How to complete this task - Only the number is wanted: tally the lines below that contain the word "object".

Data shown -
········

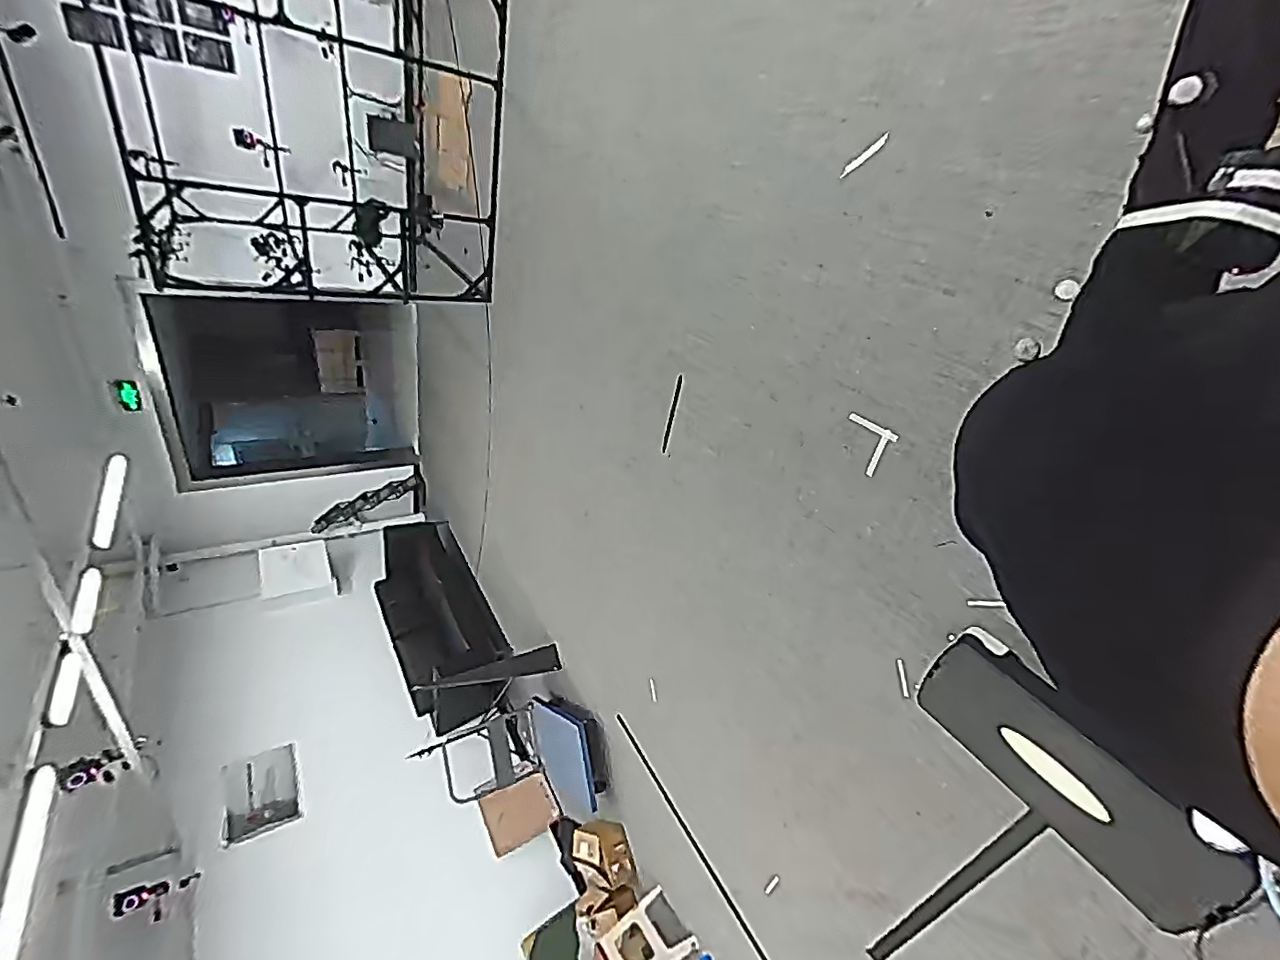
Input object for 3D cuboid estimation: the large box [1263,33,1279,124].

········

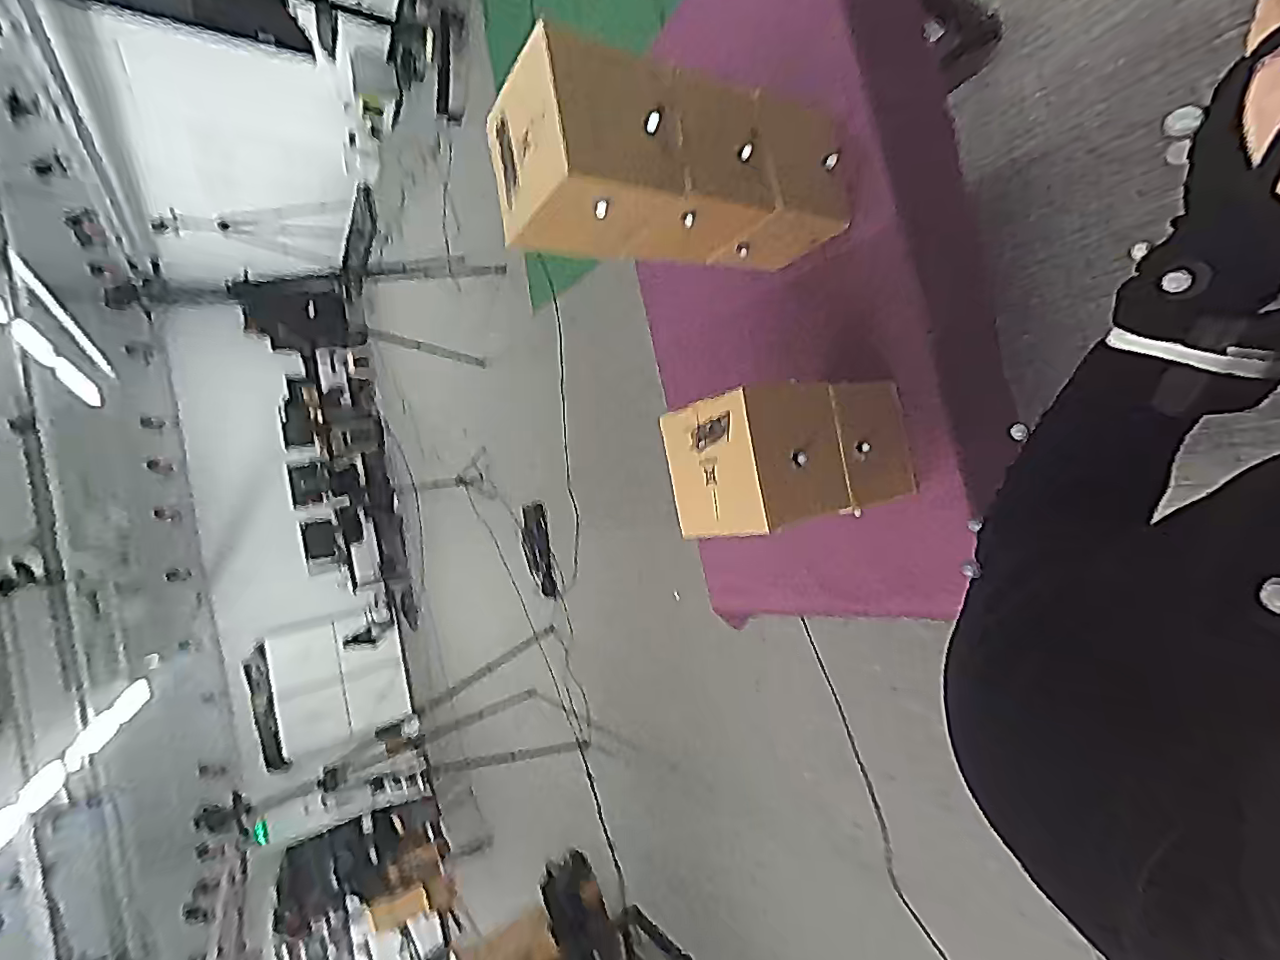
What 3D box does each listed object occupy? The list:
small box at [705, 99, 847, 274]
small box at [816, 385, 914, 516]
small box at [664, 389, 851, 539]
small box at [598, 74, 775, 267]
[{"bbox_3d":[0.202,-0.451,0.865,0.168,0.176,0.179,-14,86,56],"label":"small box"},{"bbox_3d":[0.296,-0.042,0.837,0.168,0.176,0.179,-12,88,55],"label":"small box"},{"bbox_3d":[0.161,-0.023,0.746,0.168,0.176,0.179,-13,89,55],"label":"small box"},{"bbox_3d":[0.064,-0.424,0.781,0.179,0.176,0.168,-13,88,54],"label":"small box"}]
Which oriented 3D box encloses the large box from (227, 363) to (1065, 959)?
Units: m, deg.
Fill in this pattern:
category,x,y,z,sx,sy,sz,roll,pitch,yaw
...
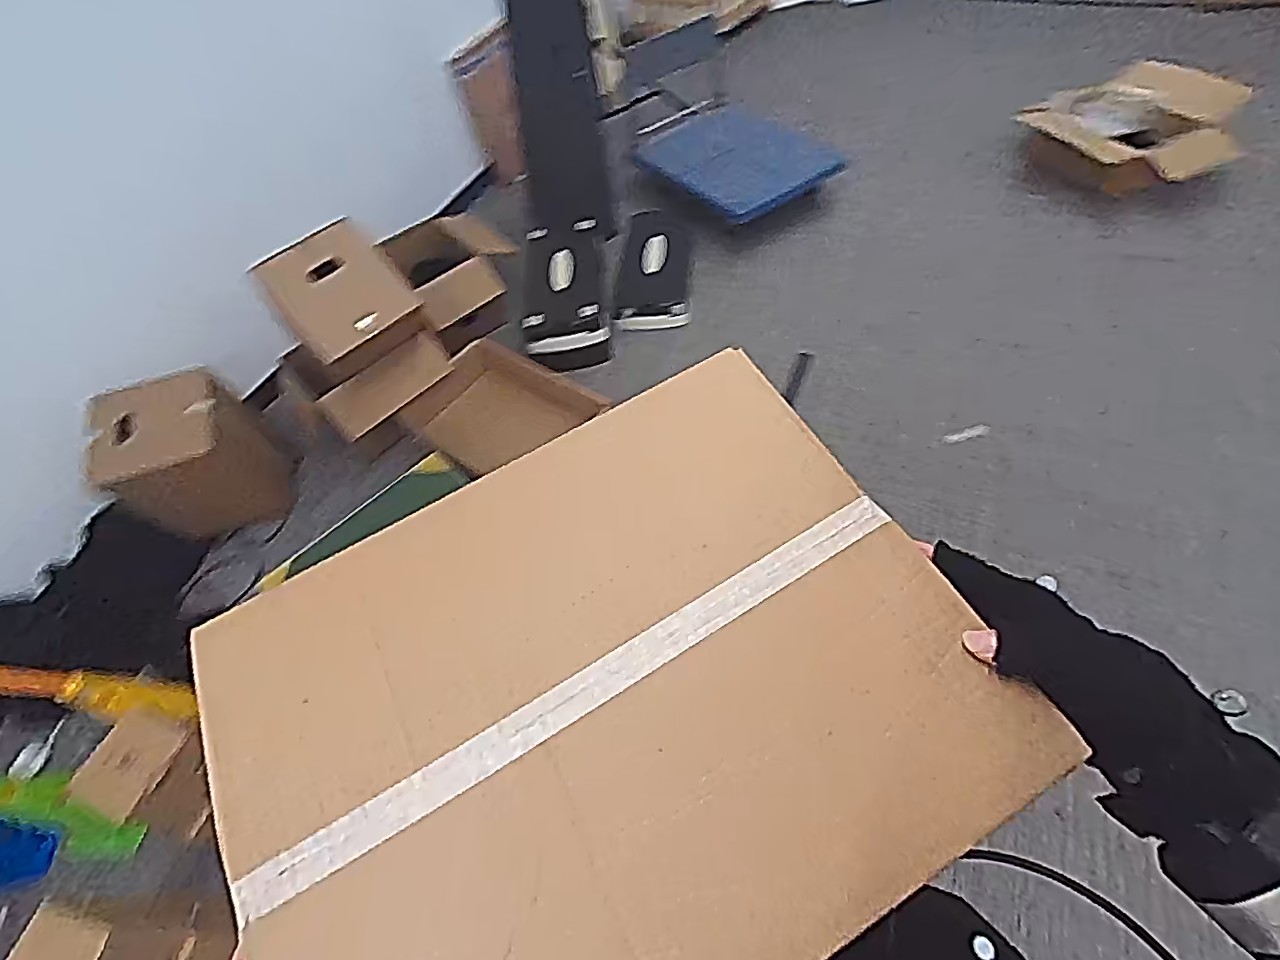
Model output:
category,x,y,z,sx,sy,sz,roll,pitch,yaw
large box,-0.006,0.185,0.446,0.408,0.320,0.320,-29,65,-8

········

Answer to the problem - 2